- Born: 1984 (age 41–42) Paris, France
- Occupations: Fashion designer, creative director
- Employer: Balmain (2025–present)

= Antonin Tron =

French fashion designer (born 1984)

Antonin Tron (born 1984) is a French fashion designer. His brand is Atlein, and he is the creative director of Balmain since November 2025.

== Life and career ==
Antonin Tron was born in 1984 in Paris, France. He attended the Académie royale des beaux-arts d'Anvers, from 2004 until his graduation in 2008. During his studies, he interned at Vivienne Westwood in London.

He worked as an assistant for Olivier Rizzo until the end of 2008, and then started an internship with Raf Simons. In September 2009, he started working on menswear at Louis Vuitton along with Paul Helbers sur les collections hommes. In 2011, Tron joined Givenchy as a designer for the women collections, alongside Riccardo Tisci. In January 2012, he was hired by Nicolas Ghesquière to work for Balenciaga. Later, he worked freelance for Alexander Wang and Demna Gvasalia.

In 2016, Tron launched the brand Atlein. The brand name is a portmanteau of the word 'Atlantic' and the German word 'allein', meaning 'alone'. He was awarded the prix des Premières Collections by the Association nationale pour le développement des arts de la mode, and earned a 100,000 euros grant. During his very first fashion show, Anna Wintour tweeted about his collection, attracting attention on the brand. This allowed Tron to sell his clothes at department stores such as Neiman Marcus, Nordstrom or Galeries Lafayette. In 2017, his brand was a finalist for the LVMH Prize. In July 2018, he received the Grand Prix from the Association nationale pour le développement des arts de la mode, with a 250,000 euros grant. In 2024, he created a collection in collaboration with Kylie Jenner's brand Khy.

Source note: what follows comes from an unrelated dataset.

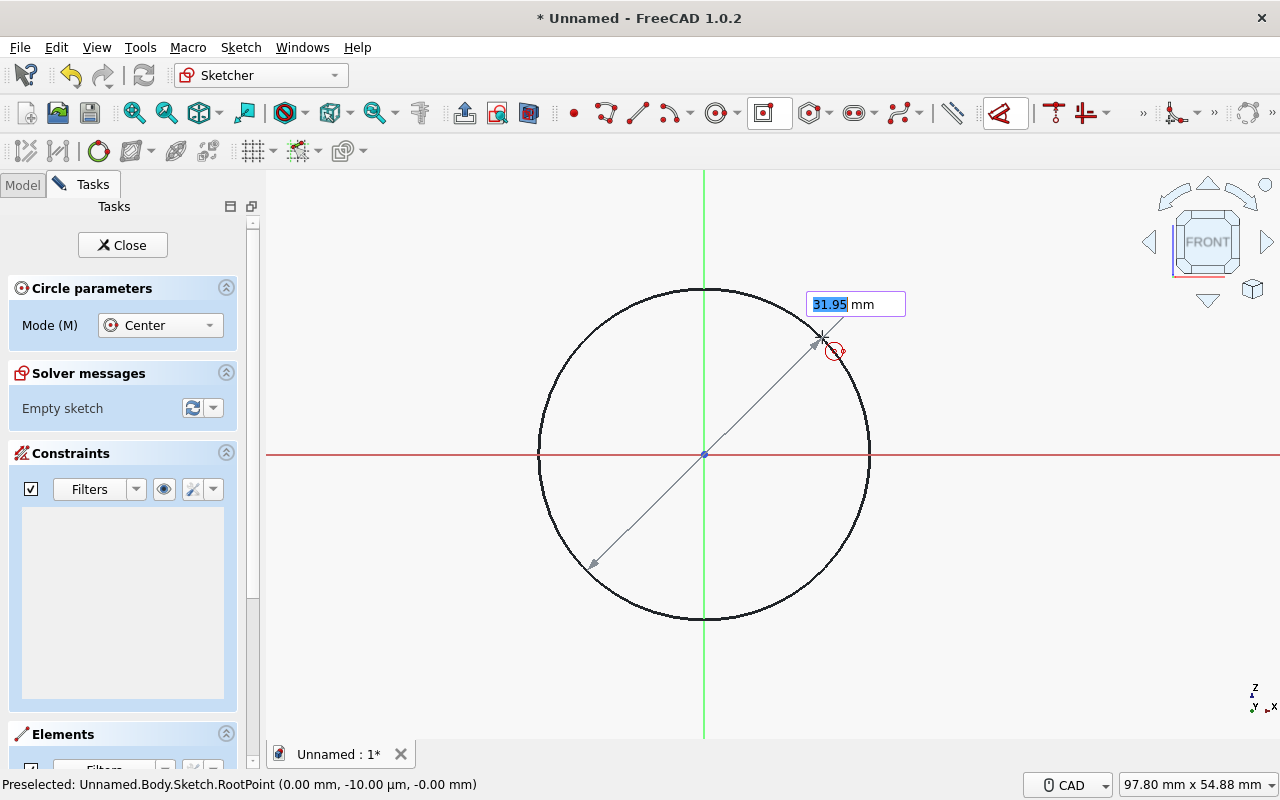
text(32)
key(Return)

On November 12, 2025, Tron was announced to be the creative director of Balmain.

== Style ==
With his brand Atlein, Tron was known for his dresses made of draped jersey. In a portrait published in the September 2016 edition of Vogue, fashion journalist Hamish Bowles compared him to Alaïa. He is inspired by Jean Muir. British Vogue listed Atlein among fashion creators they deemed part of a "new wave of talent".